» Exercise instructions
Using the records that follow, count the lines containing the word "listed" and give that number only.
Data provided section start
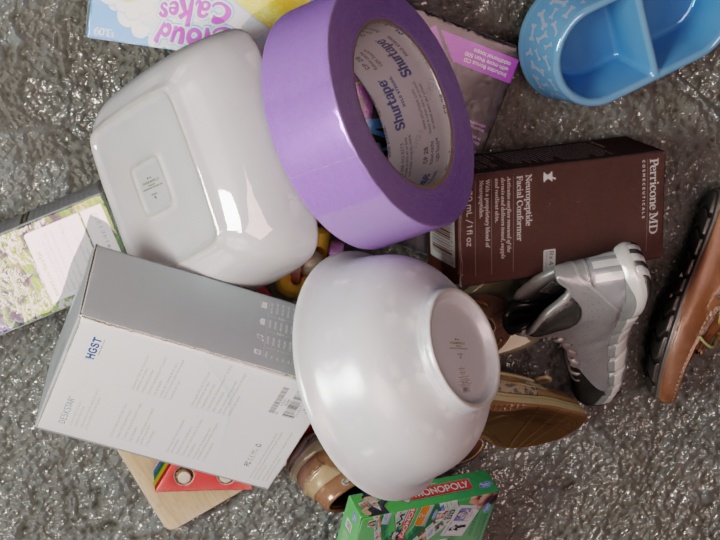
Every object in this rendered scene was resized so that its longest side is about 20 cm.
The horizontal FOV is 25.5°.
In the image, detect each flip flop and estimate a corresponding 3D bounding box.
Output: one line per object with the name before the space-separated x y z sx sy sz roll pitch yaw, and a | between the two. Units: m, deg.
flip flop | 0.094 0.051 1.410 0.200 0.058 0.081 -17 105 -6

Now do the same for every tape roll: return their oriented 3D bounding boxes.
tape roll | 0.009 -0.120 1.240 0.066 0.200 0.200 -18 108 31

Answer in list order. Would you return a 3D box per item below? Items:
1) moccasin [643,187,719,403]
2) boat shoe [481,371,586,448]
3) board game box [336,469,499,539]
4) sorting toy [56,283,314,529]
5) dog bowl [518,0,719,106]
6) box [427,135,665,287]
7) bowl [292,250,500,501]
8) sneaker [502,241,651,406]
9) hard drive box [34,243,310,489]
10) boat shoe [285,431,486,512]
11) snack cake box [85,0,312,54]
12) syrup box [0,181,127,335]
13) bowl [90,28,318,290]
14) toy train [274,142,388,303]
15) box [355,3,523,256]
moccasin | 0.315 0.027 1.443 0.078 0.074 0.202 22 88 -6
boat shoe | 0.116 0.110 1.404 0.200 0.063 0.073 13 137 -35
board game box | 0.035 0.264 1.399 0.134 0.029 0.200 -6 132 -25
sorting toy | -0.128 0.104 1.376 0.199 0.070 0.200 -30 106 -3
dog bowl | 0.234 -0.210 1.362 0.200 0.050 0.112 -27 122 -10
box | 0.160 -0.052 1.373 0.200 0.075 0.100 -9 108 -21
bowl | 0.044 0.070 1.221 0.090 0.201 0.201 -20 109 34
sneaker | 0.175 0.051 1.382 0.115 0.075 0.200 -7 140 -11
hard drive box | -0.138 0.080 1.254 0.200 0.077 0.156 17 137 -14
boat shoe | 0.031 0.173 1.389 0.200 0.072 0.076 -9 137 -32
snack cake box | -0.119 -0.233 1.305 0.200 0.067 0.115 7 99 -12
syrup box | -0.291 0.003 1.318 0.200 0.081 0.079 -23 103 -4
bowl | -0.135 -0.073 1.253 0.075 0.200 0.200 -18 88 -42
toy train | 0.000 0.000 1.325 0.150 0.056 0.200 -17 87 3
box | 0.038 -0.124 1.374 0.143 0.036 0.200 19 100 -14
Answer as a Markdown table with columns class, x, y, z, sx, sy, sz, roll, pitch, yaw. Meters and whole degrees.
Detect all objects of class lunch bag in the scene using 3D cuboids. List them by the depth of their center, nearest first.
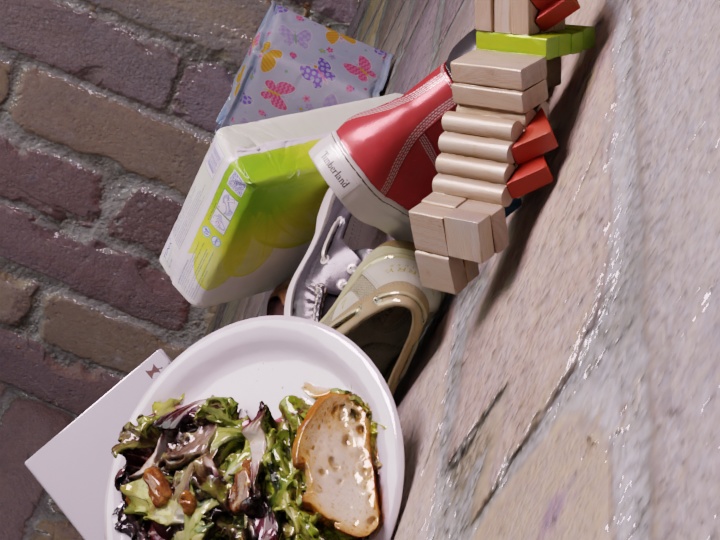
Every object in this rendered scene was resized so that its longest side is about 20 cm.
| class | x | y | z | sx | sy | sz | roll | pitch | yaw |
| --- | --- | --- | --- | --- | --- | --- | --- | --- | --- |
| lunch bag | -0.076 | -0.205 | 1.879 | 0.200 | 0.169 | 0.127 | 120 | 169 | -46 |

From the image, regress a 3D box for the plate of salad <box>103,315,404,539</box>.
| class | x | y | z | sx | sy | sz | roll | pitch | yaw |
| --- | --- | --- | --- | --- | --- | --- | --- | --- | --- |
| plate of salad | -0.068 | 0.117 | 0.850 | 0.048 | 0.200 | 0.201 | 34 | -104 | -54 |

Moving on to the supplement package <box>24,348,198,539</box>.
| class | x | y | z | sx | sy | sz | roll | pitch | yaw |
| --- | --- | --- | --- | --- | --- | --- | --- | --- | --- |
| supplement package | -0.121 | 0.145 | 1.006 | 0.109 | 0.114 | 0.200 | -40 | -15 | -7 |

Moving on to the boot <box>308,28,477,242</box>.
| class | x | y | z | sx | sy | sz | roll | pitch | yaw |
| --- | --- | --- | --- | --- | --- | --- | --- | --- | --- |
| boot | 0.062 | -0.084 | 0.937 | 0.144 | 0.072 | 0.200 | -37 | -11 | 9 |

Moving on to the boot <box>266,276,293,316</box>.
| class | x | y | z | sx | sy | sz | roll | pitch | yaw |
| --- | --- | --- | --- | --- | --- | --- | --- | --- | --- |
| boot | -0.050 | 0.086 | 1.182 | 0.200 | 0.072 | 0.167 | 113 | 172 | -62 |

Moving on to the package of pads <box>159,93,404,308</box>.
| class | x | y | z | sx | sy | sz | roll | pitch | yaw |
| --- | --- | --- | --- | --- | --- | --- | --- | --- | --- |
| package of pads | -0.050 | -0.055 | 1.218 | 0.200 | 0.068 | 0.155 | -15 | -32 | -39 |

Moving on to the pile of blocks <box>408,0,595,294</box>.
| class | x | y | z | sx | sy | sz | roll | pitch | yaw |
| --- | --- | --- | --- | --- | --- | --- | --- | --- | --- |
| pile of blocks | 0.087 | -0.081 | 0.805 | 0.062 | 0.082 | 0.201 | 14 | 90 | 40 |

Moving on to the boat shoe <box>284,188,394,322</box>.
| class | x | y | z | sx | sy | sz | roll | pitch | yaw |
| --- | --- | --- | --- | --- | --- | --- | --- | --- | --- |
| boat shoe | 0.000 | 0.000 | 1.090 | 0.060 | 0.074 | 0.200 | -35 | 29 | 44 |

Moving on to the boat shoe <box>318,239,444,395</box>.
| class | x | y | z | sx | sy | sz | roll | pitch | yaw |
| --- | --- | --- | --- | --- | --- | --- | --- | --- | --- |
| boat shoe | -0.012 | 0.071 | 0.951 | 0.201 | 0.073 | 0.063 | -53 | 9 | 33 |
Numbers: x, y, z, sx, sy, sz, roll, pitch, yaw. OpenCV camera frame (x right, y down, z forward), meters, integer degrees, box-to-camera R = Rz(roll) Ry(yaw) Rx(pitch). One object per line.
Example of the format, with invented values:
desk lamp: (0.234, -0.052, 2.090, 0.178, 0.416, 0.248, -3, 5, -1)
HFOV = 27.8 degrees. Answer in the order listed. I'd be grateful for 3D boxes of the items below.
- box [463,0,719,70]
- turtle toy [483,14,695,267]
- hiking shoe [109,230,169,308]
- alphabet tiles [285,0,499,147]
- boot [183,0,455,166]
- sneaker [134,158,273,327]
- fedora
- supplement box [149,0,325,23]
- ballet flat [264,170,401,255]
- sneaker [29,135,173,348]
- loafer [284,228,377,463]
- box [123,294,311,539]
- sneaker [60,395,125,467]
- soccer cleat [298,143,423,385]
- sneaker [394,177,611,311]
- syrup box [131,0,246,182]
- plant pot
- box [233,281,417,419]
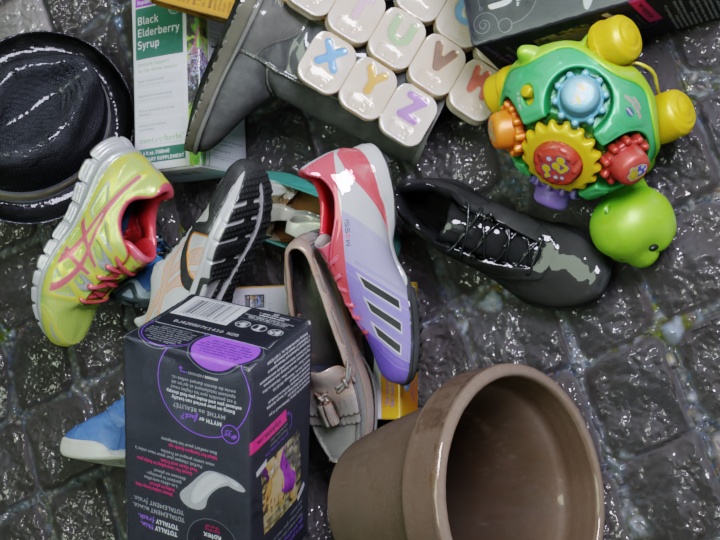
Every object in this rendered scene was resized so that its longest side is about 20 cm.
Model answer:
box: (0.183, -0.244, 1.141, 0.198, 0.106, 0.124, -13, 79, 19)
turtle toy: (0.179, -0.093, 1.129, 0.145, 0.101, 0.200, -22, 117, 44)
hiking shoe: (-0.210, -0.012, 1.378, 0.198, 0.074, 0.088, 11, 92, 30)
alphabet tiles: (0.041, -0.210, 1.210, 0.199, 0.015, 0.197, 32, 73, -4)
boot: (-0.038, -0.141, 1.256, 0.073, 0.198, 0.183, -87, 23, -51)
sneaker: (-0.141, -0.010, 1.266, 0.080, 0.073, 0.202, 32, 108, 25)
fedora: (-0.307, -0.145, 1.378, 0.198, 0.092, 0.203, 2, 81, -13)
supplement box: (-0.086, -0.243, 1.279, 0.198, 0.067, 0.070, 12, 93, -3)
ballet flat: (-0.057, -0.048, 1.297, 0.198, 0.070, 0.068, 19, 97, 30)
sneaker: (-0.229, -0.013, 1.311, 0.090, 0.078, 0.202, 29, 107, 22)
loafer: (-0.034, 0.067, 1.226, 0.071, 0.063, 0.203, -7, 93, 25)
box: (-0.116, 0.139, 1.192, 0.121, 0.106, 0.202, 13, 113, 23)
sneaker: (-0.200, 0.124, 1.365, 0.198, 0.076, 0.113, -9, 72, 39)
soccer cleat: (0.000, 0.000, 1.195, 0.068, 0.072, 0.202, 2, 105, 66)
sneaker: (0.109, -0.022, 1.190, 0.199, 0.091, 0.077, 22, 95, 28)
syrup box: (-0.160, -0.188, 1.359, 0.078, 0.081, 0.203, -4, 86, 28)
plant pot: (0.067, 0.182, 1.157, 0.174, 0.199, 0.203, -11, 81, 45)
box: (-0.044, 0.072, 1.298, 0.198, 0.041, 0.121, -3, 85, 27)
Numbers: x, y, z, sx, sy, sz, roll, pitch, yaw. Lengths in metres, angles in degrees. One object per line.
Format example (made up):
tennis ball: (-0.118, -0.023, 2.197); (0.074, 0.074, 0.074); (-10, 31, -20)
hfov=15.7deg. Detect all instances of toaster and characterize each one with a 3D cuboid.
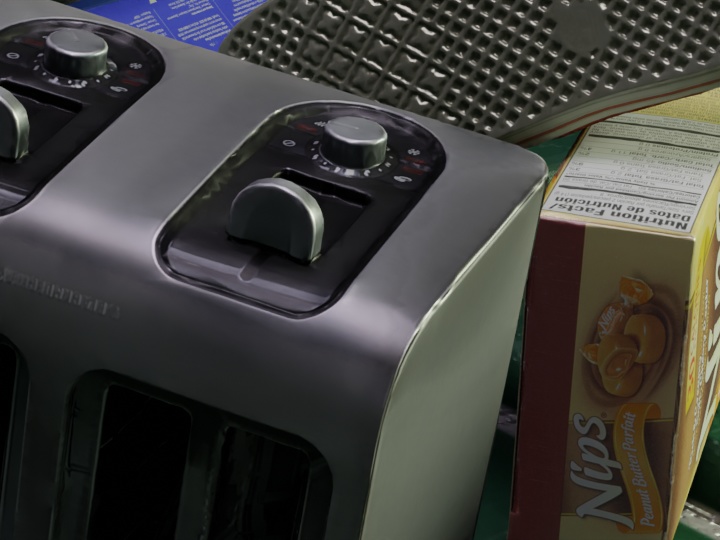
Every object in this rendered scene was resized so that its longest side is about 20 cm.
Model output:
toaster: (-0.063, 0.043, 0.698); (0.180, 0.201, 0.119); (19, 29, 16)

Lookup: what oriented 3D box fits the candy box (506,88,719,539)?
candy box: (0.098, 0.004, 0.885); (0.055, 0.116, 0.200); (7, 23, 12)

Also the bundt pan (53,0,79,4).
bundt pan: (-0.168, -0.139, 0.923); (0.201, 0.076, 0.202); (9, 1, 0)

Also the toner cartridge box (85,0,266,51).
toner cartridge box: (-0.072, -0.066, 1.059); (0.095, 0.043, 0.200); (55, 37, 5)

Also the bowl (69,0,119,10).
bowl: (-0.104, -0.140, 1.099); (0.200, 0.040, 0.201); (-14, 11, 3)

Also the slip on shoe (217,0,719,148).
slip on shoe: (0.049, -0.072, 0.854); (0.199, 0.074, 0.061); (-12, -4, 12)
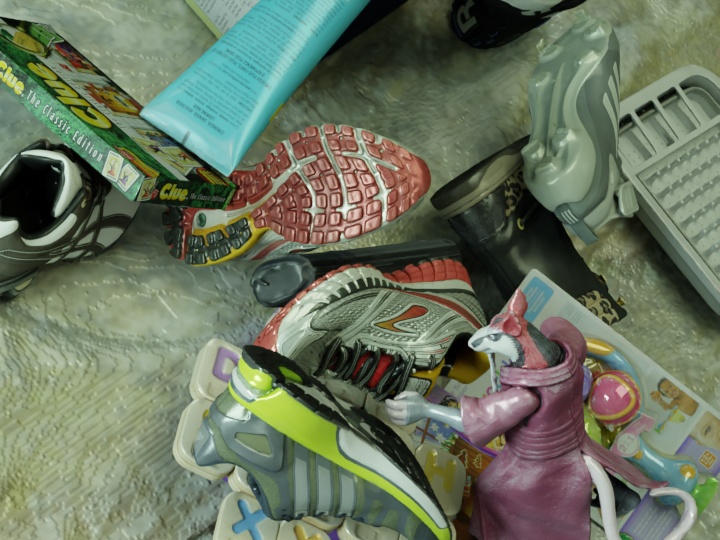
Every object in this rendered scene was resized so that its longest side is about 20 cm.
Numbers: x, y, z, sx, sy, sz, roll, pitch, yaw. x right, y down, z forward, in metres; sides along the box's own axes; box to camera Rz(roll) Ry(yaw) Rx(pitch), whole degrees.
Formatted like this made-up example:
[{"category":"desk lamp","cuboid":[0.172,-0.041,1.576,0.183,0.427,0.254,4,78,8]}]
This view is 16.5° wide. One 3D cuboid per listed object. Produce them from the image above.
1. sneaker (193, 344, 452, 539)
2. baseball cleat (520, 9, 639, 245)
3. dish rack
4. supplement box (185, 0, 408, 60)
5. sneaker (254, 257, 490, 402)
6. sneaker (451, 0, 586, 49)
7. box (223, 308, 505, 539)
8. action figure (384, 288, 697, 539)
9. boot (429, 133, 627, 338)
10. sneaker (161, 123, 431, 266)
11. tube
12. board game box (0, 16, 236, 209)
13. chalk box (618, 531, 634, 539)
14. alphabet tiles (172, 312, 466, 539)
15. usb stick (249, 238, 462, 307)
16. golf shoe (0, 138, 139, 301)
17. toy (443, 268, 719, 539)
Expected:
Data provided section end
» Answer box
2